Divide using synthetic division $$ ( 10x^{3}-28x^{2}-29x+10 ) \div ( x-1 ) $$
Answer
The synthetic division table is:
$$ \begin{array}{c|rrrr}1&10&-28&-29&10\\& & 10& -18& \color{black}{-47} \\ \hline &\color{blue}{10}&\color{blue}{-18}&\color{blue}{-47}&\color{orangered}{-37} \end{array} $$The solution is:
$$ \frac{ 10x^{3}-28x^{2}-29x+10 }{ x-1 } = \color{blue}{10x^{2}-18x-47} \color{red}{~-~} \frac{ \color{red}{ 37 } }{ x-1 } $$Explanation
Step 1 : Write down the coefficients of the dividend into division table. Put the zero from $ x -1 = 0 $ ( $ x = \color{blue}{ 1 } $ ) at the left.

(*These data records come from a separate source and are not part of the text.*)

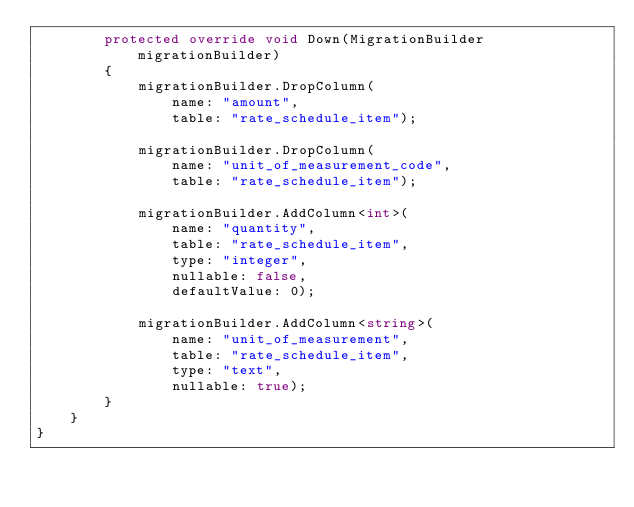Convert code to text. <code><loc_0><loc_0><loc_500><loc_500><_C#_>        protected override void Down(MigrationBuilder migrationBuilder)
        {
            migrationBuilder.DropColumn(
                name: "amount",
                table: "rate_schedule_item");

            migrationBuilder.DropColumn(
                name: "unit_of_measurement_code",
                table: "rate_schedule_item");

            migrationBuilder.AddColumn<int>(
                name: "quantity",
                table: "rate_schedule_item",
                type: "integer",
                nullable: false,
                defaultValue: 0);

            migrationBuilder.AddColumn<string>(
                name: "unit_of_measurement",
                table: "rate_schedule_item",
                type: "text",
                nullable: true);
        }
    }
}
</code>

$$ \begin{array}{c|rrrr}\color{blue}{1}&10&-28&-29&10\\& & & & \\ \hline &&&& \end{array} $$Step 1 : Bring down the leading coefficient to the bottom row.
$$ \begin{array}{c|rrrr}1&\color{orangered}{ 10 }&-28&-29&10\\& & & & \\ \hline &\color{orangered}{10}&&& \end{array} $$Step 2 : Multiply by the number on the left, and carry the result into the next column: $ \color{blue}{ 1 } \cdot \color{blue}{ 10 } = \color{blue}{ 10 } $.

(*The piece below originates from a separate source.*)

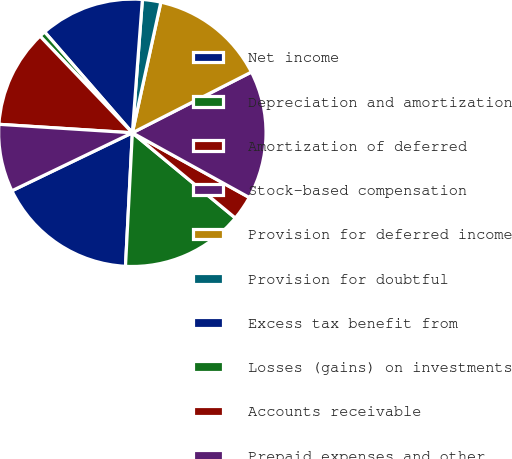Convert chart. <chart><loc_0><loc_0><loc_500><loc_500><pie_chart><fcel>Net income<fcel>Depreciation and amortization<fcel>Amortization of deferred<fcel>Stock-based compensation<fcel>Provision for deferred income<fcel>Provision for doubtful<fcel>Excess tax benefit from<fcel>Losses (gains) on investments<fcel>Accounts receivable<fcel>Prepaid expenses and other<nl><fcel>17.04%<fcel>14.81%<fcel>2.96%<fcel>15.55%<fcel>14.07%<fcel>2.22%<fcel>12.59%<fcel>0.74%<fcel>11.85%<fcel>8.15%<nl></chart>

$$ \begin{array}{c|rrrr}\color{blue}{1}&10&-28&-29&10\\& & \color{blue}{10} & & \\ \hline &\color{blue}{10}&&& \end{array} $$Step 3 : Add down last column: $ \color{orangered}{ -28 } + \color{orangered}{ 10 } = \color{orangered}{ -18 } $
$$ \begin{array}{c|rrrr}1&10&\color{orangered}{ -28 }&-29&10\\& & \color{orangered}{10} & & \\ \hline &10&\color{orangered}{-18}&& \end{array} $$Step 4 : Multiply by the number on the left, and carry the result into the next column: $ \color{blue}{ 1 } \cdot \color{blue}{ \left( -18 \right) } = \color{blue}{ -18 } $.
$$ \begin{array}{c|rrrr}\color{blue}{1}&10&-28&-29&10\\& & 10& \color{blue}{-18} & \\ \hline &10&\color{blue}{-18}&& \end{array} $$Step 5 : Add down last column: $ \color{orangered}{ -29 } + \color{orangered}{ \left( -18 \right) } = \color{orangered}{ -47 } $
$$ \begin{array}{c|rrrr}1&10&-28&\color{orangered}{ -29 }&10\\& & 10& \color{orangered}{-18} & \\ \hline &10&-18&\color{orangered}{-47}& \end{array} $$Step 6 : Multiply by the number on the left, and carry the result into the next column: $ \color{blue}{ 1 } \cdot \color{blue}{ \left( -47 \right) } = \color{blue}{ -47 } $.
$$ \begin{array}{c|rrrr}\color{blue}{1}&10&-28&-29&10\\& & 10& -18& \color{blue}{-47} \\ \hline &10&-18&\color{blue}{-47}& \end{array} $$Step 7 : Add down last column: $ \color{orangered}{ 10 } + \color{orangered}{ \left( -47 \right) } = \color{orangered}{ -37 } $
$$ \begin{array}{c|rrrr}1&10&-28&-29&\color{orangered}{ 10 }\\& & 10& -18& \color{orangered}{-47} \\ \hline &\color{blue}{10}&\color{blue}{-18}&\color{blue}{-47}&\color{orangered}{-37} \end{array} $$Bottom line represents the quotient $ \color{blue}{ 10x^{2}-18x-47 } $ with a remainder of $ \color{red}{ -37 } $.